» INFORMATION SUPPLIED:
◇ ◇ ◇ ◇ ◇ ◇ ◇
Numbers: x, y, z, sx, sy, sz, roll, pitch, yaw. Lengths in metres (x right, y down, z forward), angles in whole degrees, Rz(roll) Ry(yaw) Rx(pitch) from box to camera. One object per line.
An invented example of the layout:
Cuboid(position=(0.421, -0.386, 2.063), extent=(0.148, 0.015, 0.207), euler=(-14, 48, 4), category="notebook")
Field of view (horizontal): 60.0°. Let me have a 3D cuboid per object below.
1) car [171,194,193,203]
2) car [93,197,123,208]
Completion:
◇ ◇ ◇ ◇ ◇ ◇ ◇
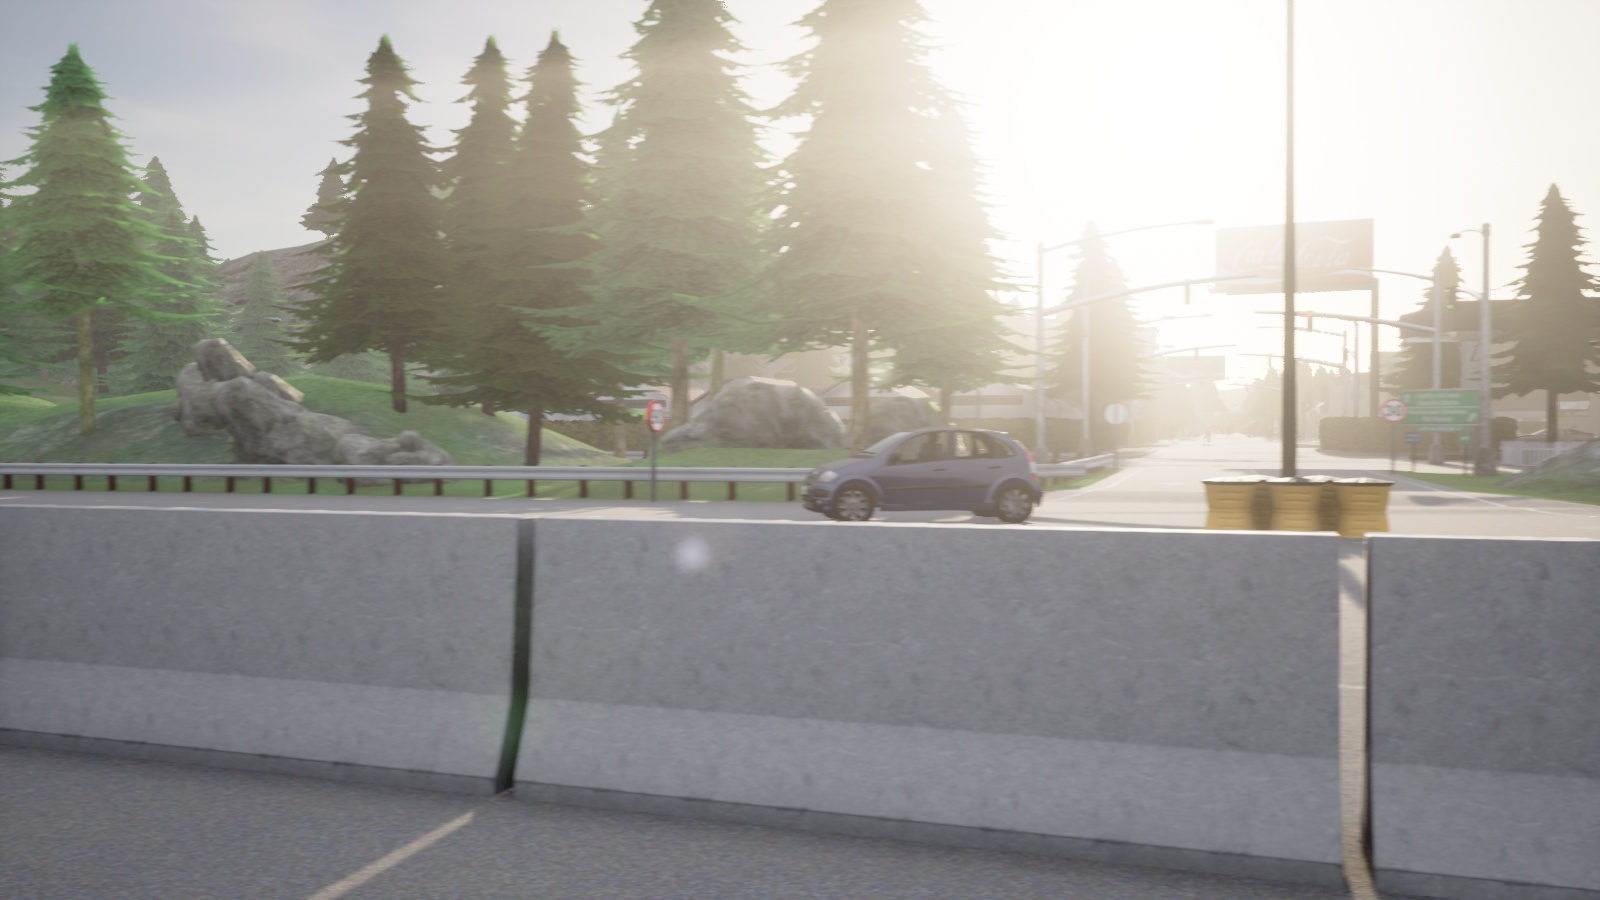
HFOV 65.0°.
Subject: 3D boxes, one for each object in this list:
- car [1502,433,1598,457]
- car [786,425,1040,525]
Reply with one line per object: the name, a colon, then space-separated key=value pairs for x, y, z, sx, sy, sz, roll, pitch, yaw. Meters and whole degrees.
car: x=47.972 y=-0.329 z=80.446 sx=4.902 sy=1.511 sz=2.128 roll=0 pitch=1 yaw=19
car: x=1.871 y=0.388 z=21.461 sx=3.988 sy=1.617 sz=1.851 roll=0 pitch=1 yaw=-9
◇ ◇ ◇ ◇ ◇ ◇ ◇
» WHAT IS EXPECTED: Only the lines above from the one with "Numbers: x, y, z, sx, sy, sz, roll, pitch, yaw." through the one with "Field of view" should be duplicated, character for character.

» FINISHED EXERCISE:
Numbers: x, y, z, sx, sy, sz, roll, pitch, yaw. Lengths in metres (x right, y down, z forward), angles in whole degrees, Rz(roll) Ry(yaw) Rx(pitch) from box to camera. One object per line.
An invented example of the layout:
Cuboid(position=(0.421, -0.386, 2.063), extent=(0.148, 0.015, 0.207), euler=(-14, 48, 4), category="notebook")
Field of view (horizontal): 60.0°. Let me have a 3D cuboid per object below.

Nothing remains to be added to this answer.